== Segment start ==

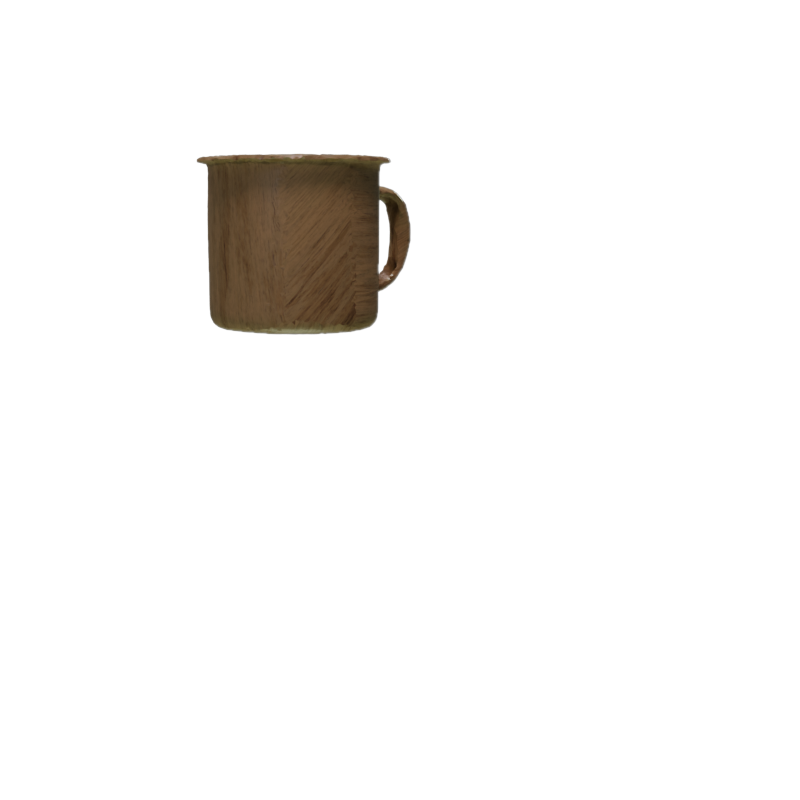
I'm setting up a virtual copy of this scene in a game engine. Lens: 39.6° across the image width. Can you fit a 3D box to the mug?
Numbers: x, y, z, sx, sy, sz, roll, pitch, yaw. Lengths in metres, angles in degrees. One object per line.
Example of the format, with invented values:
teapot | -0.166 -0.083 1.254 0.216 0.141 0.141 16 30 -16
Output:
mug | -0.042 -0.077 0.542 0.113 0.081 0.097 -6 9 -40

== Segment end ==
== Segment start ==

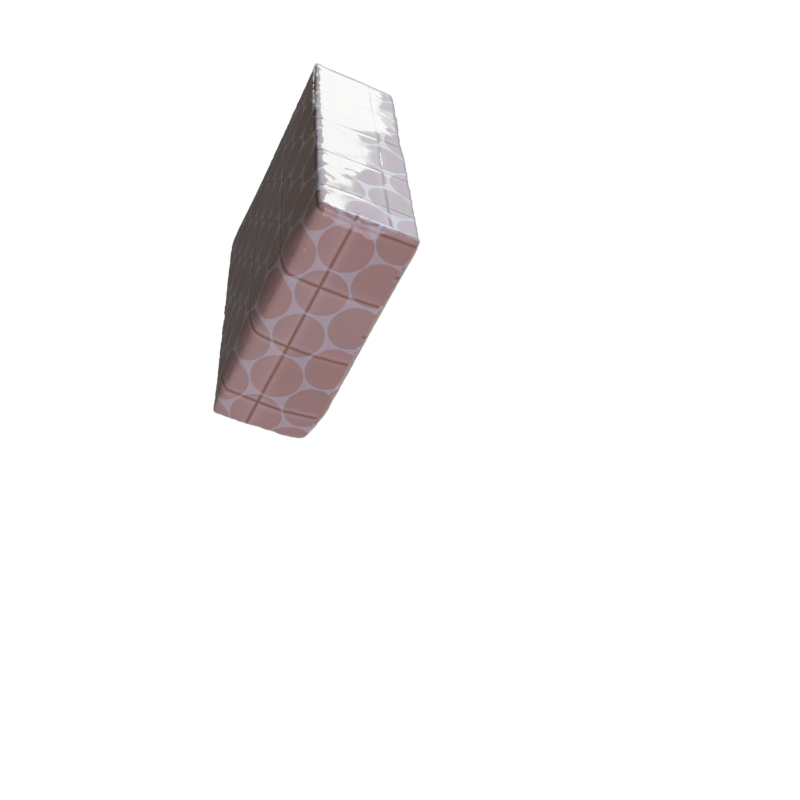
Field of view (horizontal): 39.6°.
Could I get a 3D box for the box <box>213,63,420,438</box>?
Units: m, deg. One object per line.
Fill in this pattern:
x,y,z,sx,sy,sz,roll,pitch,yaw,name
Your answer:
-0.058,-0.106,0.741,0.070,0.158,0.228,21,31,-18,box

== Segment end ==
== Segment start ==

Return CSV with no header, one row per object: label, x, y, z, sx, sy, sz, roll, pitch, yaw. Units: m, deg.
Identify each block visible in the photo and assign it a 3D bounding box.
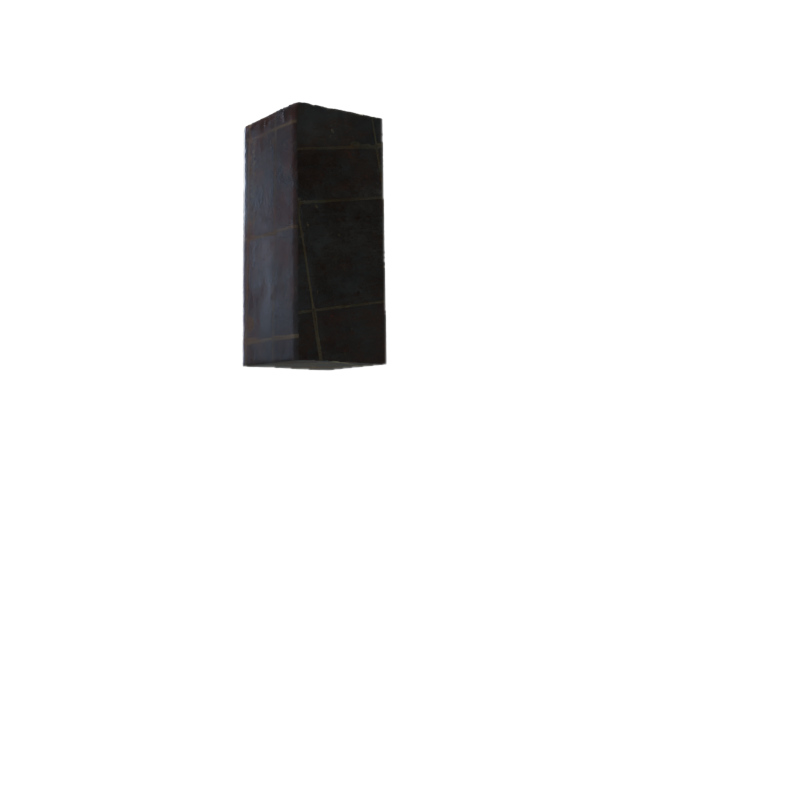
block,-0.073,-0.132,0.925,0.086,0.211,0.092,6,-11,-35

== Segment end ==

Lines with the word "Units" in them: report all of these from the listing above.

* **Your solution**
Units: m, deg. One object per line.
Return CSV with no header, one row per object: label, x, y, z, sx, sy, sz, roll, pitch, yaw. Units: m, deg.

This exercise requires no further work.